All of this makes me feel like maybe I’m the one acting badly, if I just let him walk me down the aisle everything would be fine. Yet I’d feel like a hypocrite. I don’t really want him to walk me.
Post # 3
I have no advice because I really don’t want my Dad walking me down the aisle, but I know I will cave. Just know you aren’t the only one struggling over this issue 🙁
Post # 4
@Marullos: I actually went through the exact same thing for my wedding. I ended up deciding to allow my father to walk me down the aisle. At the end of the day, it’s your wedding, it will only happen once…but you will remember it forever. For me, i knew I would feel bad on the day of my wedding had he not walked me down the aisle and I didn’t want anything but happiness on my big day. It’s really a big deal for a father, whether your relationship has been strained or not. It’s not the best situation to be in, but sometimes you just have to swallow your pride. If you do choose to let him walk you down the aisle, maybe attempt to talk to him about his actions and how you want things to be moving forward. Good luck!
Post # 5
@Marullos: I struggled with how to deal with walking down the ailse as well. I read many posts on this issue and found a post on one from a father that was really influential. He said to think of it as going from the family you came from into the one you are making.

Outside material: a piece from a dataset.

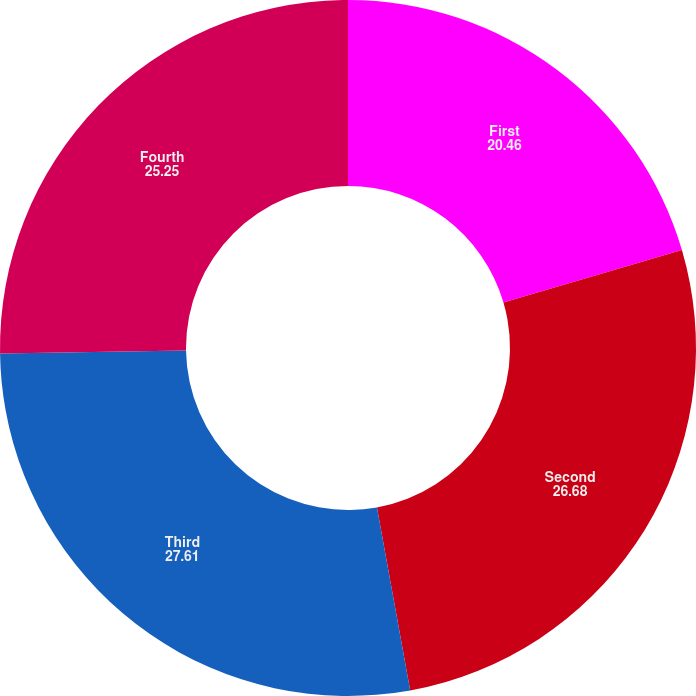<chart> <loc_0><loc_0><loc_500><loc_500><pie_chart><fcel>First<fcel>Second<fcel>Third<fcel>Fourth<nl><fcel>20.46%<fcel>26.68%<fcel>27.61%<fcel>25.25%<nl></chart> 
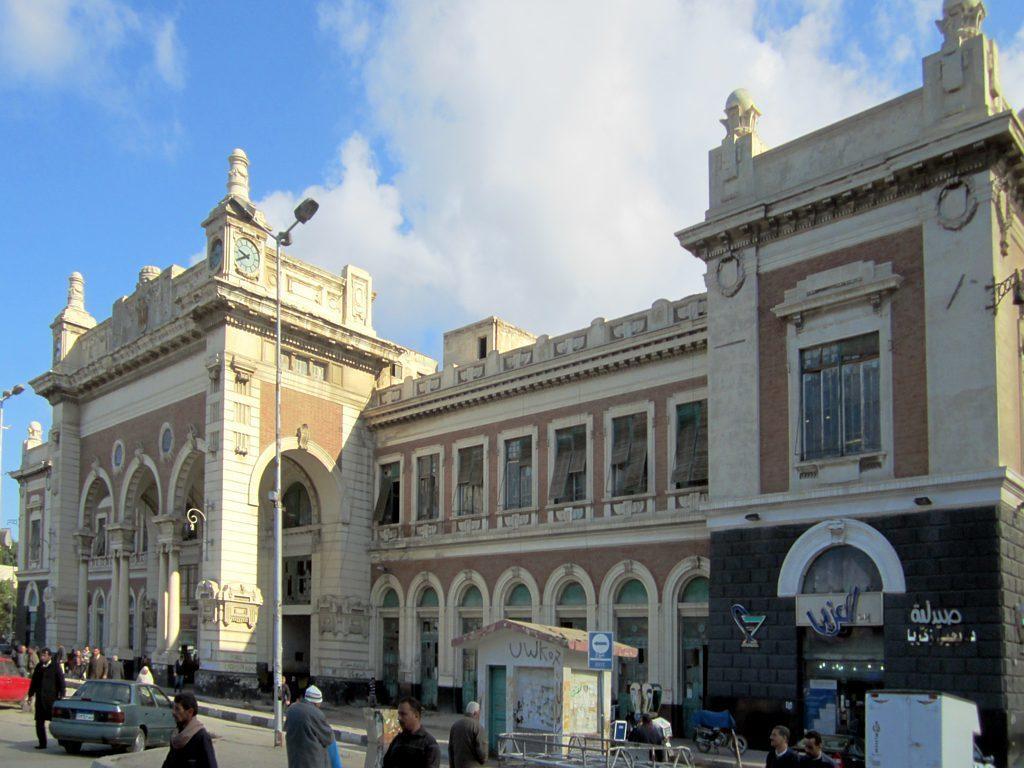Describe this image in one or two sentences. This image consists of a building along with windows and a clock. At the bottom, there is a road. On which many people are walking. And we can see a car in the middle. At the top, there are clouds in the sky. On the right, there is a small cabin. On the left, we can see the trees.

Do you think you have your father’s blessing? You may not feel you’ve had his support in other things, but if you can see past your hurt, perhaps you can take this moment to feel it now.
Good luck and congratulations!
Post # 6
@nycredhead: and not so blushing bride – Yes, I keep thinking that the easiest, most drama-free, most peaceful thing to do is to have him walk me down the aisle.

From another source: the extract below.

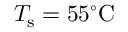<formula> <loc_0><loc_0><loc_500><loc_500>T _ { s } = 5 5 ^ { \circ } C</formula> 
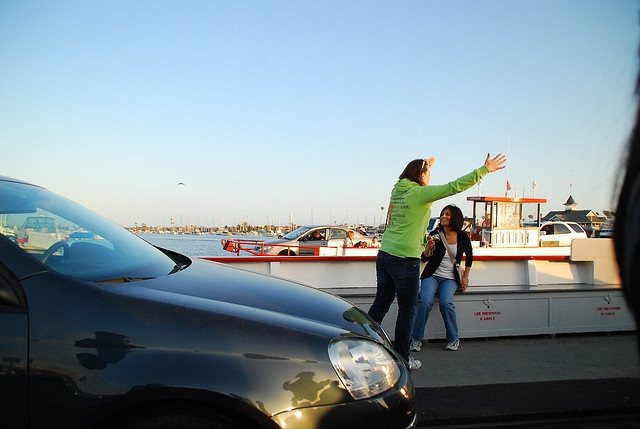Describe the objects in this image and their specific colors. I can see car in lightblue, black, gray, and blue tones, boat in lightblue, black, gray, darkgray, and ivory tones, people in lightblue, black, green, and olive tones, people in lightblue, black, blue, gray, and navy tones, and people in lightblue, black, gray, maroon, and brown tones in this image.

I wuold be probably save years of recrimination, and so on.
BUt then the other point to me, beyond how he sucks as a dad, is that it is weird to me to be given away!
It’s also annoying to me that I have to be the one to meet HIS expectations, Why can’t he meet mine? or why do I have to do what he wants to do when I don’t? And he’s never done anything for me just because I’d like him to, or even because I’ve needed it.
To me, having him give me away would feel like a sham. As in, who is this person who thinks he deserves any sort of honor after the way he has behaved toward me, my fiance, and our families?
That’s the other thing too, my fiance can’t stand him, and doesn’t want him to be in the wedding. He is still very hurt about the way my dad cancelled and refused to meet his family when we were 15 minutes away from him, and they had travelled to from another coutnry to meet my family.
But yes, then again, i do think it’s best to forgive, forget and be at peace with each other…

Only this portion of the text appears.